- [Problem details]
In the records below, find each line holding the word "whole" and copy it.
(Beginning of Input for this task)
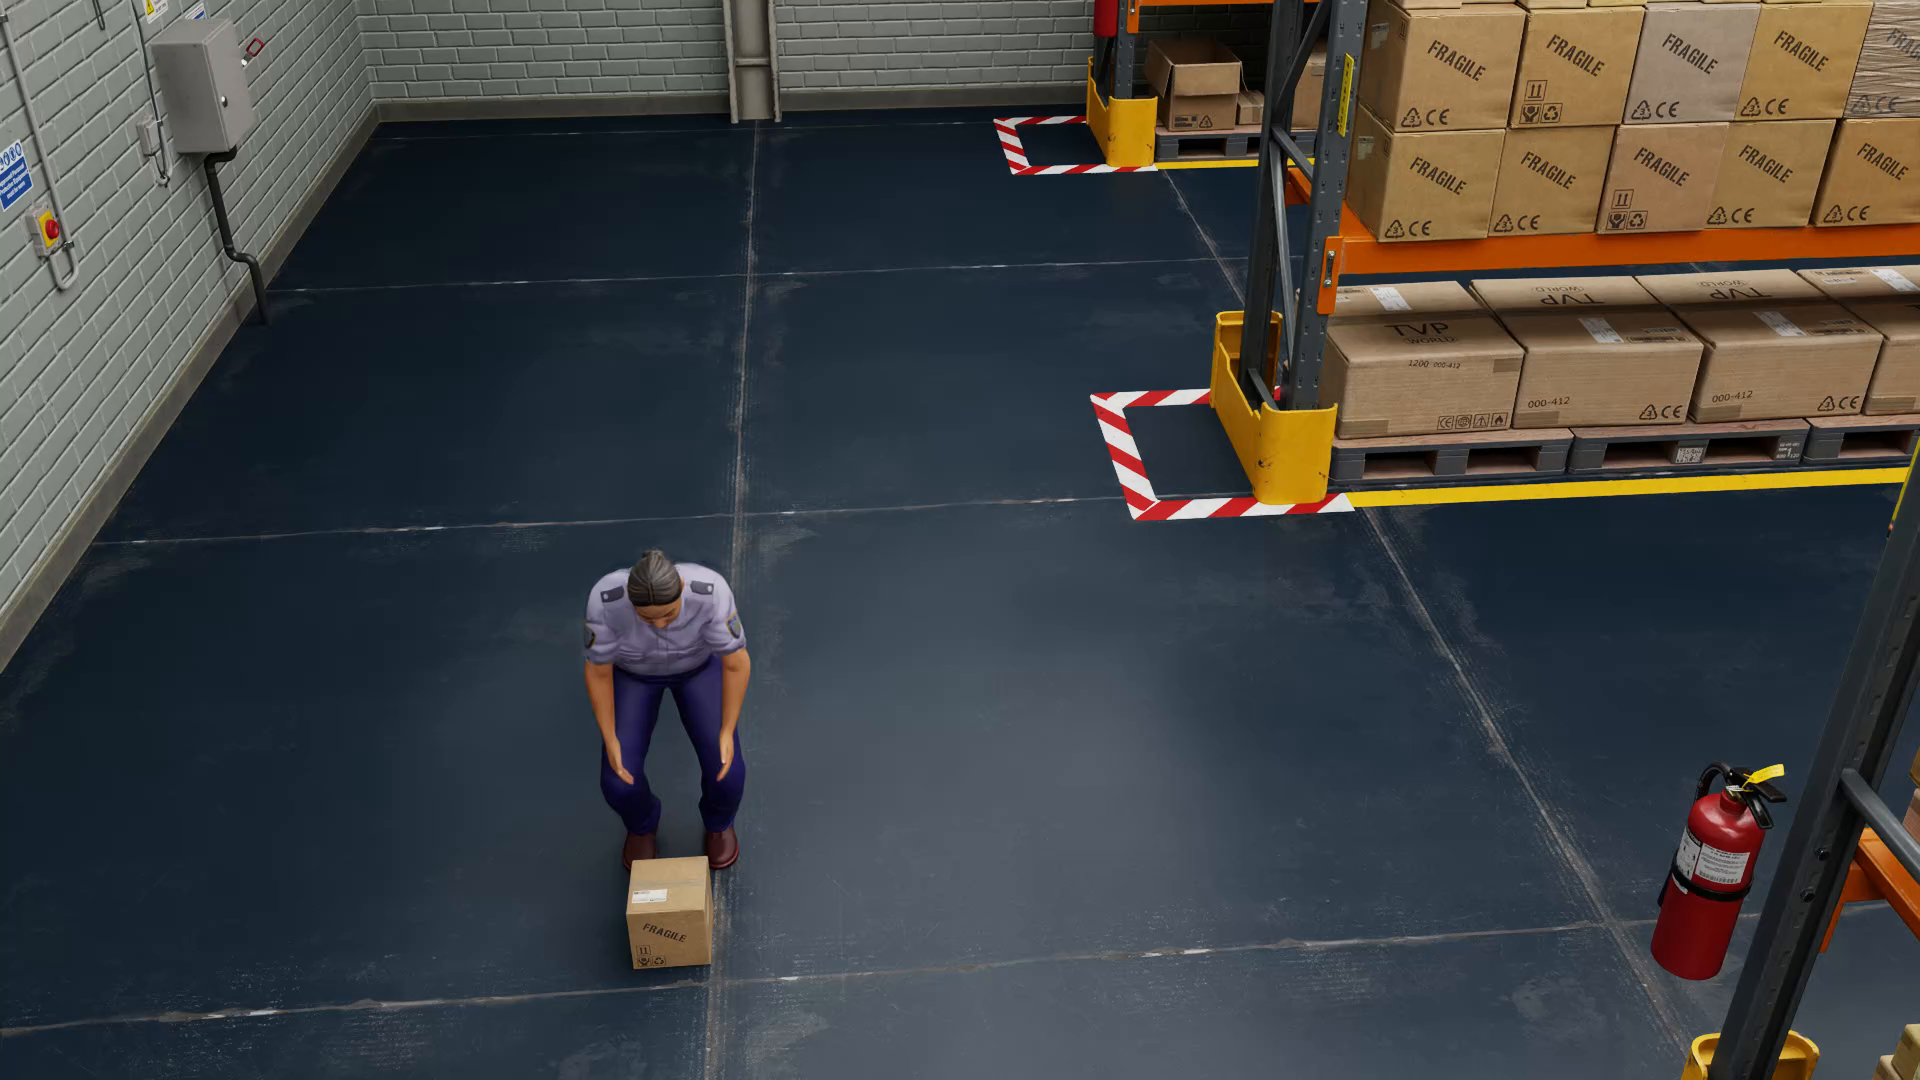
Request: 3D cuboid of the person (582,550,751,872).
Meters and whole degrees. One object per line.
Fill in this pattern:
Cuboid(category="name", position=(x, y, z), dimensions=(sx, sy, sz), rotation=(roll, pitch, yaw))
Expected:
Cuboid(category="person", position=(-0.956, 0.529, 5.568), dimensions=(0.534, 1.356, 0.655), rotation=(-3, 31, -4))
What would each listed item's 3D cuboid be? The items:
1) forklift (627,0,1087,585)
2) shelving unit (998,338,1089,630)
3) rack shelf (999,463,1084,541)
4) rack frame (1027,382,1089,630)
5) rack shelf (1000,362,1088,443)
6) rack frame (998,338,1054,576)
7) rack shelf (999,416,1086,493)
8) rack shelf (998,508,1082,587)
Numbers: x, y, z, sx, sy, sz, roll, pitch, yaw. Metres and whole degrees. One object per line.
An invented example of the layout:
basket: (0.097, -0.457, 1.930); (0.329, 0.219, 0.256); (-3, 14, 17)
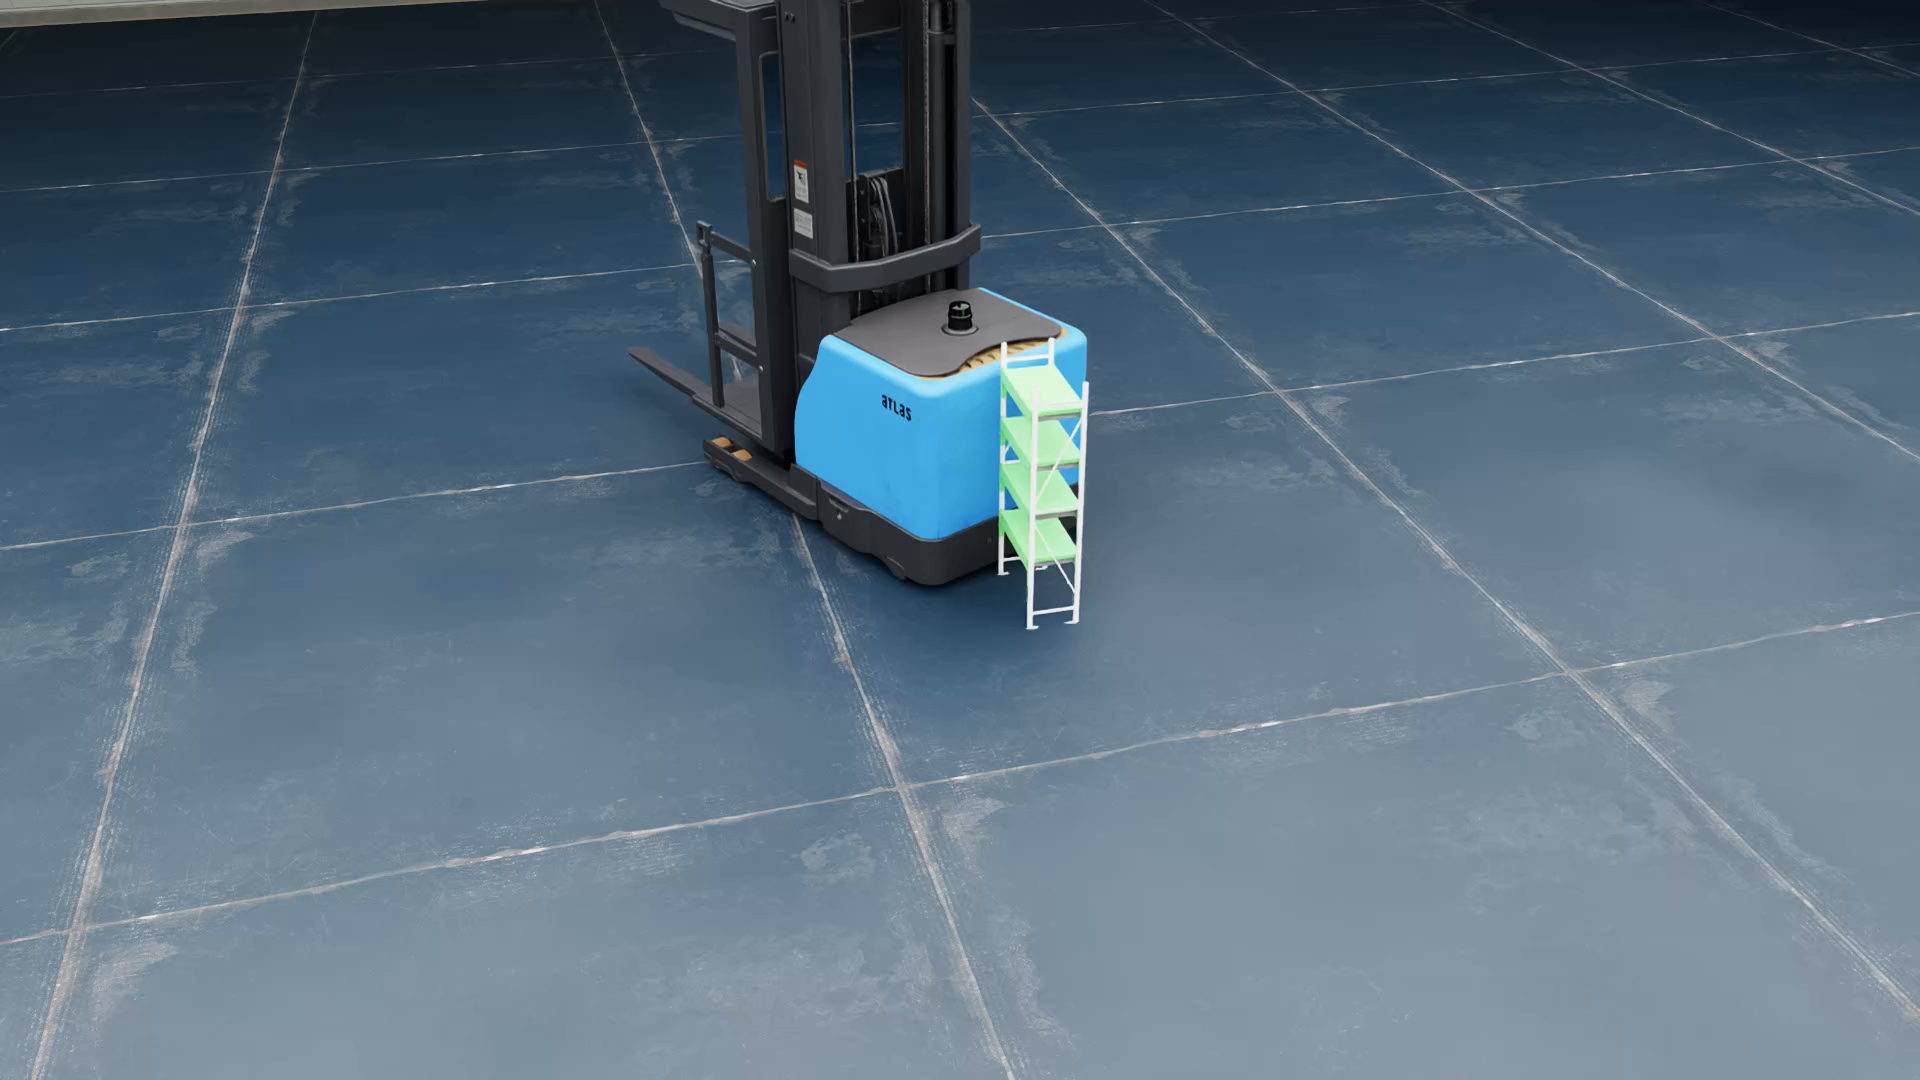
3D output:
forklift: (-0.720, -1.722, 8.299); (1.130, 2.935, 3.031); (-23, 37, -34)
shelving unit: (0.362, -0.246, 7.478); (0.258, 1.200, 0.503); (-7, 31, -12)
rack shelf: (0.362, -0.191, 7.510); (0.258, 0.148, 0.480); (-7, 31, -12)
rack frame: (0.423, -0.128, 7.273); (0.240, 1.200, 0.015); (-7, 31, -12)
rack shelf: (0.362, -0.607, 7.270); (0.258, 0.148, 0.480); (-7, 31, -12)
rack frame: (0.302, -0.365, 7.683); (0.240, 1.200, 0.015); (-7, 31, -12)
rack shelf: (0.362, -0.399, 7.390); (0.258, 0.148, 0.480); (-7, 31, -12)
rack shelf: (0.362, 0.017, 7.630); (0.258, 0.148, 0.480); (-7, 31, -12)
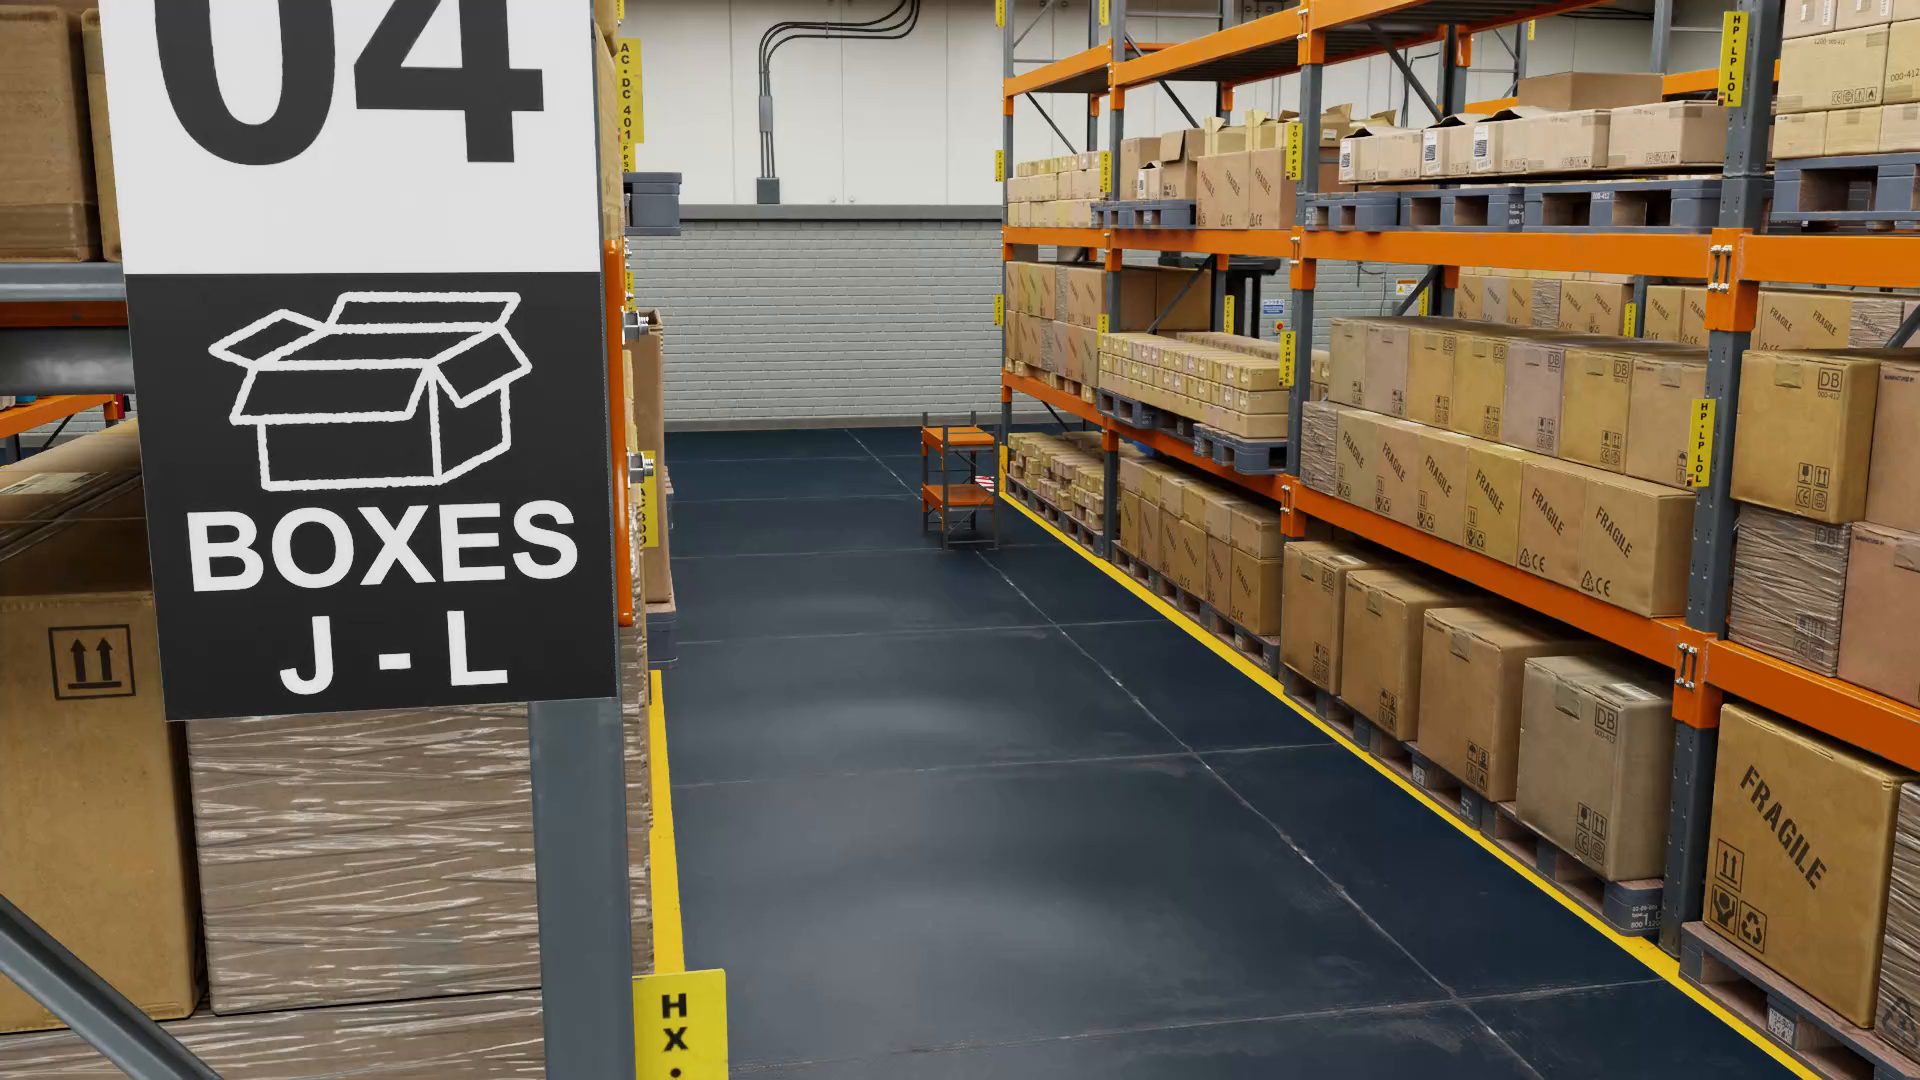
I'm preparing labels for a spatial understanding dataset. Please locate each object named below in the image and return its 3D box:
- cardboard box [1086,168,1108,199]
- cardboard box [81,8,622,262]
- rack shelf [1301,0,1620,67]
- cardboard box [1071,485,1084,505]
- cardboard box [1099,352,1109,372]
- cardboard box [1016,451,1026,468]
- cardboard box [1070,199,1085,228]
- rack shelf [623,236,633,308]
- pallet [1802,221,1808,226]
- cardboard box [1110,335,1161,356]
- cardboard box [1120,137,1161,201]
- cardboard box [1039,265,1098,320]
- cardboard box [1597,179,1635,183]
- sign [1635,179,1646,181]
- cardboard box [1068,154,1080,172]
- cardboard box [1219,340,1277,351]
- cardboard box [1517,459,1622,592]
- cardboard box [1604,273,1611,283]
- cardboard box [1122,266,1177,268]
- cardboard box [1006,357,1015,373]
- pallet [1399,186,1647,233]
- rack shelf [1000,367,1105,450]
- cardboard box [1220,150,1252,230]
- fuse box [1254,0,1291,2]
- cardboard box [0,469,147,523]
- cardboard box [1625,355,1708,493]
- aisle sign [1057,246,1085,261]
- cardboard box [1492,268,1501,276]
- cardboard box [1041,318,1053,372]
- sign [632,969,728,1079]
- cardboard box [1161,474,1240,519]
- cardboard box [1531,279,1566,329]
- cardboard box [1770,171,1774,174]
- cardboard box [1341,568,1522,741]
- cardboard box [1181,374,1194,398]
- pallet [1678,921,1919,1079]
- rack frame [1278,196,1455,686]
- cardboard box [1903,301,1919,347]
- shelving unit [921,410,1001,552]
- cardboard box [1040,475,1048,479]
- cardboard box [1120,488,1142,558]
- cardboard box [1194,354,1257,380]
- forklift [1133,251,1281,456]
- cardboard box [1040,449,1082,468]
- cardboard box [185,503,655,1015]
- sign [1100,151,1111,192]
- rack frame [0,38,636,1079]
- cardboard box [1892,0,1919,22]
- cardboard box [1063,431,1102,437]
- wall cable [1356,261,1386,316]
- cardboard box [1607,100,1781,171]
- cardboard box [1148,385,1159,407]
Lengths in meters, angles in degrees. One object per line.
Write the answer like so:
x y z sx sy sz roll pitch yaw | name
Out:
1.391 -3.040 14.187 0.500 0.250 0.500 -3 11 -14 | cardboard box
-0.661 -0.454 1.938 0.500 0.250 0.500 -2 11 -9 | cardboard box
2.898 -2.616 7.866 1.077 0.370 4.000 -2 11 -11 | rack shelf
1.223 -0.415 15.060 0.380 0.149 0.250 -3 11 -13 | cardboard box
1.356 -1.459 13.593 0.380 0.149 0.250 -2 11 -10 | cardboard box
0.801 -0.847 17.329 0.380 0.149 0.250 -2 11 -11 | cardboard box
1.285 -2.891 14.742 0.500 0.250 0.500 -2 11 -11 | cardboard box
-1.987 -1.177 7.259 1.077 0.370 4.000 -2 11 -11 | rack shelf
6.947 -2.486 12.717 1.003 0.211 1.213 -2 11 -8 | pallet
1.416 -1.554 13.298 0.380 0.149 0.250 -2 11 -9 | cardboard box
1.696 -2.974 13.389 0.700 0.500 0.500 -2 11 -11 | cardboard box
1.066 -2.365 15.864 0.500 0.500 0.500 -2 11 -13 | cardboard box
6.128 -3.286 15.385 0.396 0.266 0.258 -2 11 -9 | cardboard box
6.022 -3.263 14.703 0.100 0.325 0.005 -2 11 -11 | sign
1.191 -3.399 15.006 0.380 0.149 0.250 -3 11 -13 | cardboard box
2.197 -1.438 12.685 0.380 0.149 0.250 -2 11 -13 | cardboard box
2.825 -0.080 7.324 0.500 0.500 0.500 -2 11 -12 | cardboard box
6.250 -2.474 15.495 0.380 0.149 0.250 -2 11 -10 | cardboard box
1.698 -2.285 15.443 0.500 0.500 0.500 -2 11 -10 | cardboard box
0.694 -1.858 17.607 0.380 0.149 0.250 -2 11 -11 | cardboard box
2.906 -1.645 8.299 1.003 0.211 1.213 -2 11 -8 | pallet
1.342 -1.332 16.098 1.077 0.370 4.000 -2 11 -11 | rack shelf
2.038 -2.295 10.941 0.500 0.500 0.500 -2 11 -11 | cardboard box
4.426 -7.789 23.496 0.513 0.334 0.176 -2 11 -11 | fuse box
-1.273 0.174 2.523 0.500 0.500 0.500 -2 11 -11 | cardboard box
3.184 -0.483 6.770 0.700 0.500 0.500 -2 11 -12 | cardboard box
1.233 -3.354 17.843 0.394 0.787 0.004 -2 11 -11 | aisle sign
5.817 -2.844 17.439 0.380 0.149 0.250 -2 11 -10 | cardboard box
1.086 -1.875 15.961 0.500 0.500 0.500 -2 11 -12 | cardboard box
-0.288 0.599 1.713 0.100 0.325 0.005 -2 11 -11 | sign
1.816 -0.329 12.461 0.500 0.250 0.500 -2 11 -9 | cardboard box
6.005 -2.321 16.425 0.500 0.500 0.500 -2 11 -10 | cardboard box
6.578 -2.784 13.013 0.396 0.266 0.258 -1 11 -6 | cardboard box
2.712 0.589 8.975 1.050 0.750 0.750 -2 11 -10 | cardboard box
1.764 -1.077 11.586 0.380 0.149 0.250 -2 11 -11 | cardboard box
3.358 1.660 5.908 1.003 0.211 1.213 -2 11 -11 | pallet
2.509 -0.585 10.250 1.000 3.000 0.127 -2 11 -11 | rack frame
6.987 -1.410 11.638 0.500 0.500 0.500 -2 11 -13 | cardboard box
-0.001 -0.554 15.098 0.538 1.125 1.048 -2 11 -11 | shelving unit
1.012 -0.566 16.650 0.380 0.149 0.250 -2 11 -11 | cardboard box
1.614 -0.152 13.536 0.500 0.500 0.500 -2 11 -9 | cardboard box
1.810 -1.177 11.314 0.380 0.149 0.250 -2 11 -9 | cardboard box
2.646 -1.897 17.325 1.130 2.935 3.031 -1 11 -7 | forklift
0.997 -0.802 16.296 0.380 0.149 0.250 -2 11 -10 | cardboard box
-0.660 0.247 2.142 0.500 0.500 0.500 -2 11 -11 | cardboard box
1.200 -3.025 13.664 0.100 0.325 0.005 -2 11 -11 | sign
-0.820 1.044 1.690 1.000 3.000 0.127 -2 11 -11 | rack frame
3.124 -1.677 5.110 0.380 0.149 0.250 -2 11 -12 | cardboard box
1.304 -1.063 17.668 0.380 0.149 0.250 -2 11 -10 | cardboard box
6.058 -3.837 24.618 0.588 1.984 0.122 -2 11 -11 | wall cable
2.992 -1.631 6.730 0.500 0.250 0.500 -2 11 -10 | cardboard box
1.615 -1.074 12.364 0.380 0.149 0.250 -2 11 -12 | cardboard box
(End of Input for this task)
- [Exercise answer]
Meters and whole degrees. One object per line.
Numbers: x, y, z, sx, sy, sz, roll, pitch, yaw. Metres and whole degrees. One object per line.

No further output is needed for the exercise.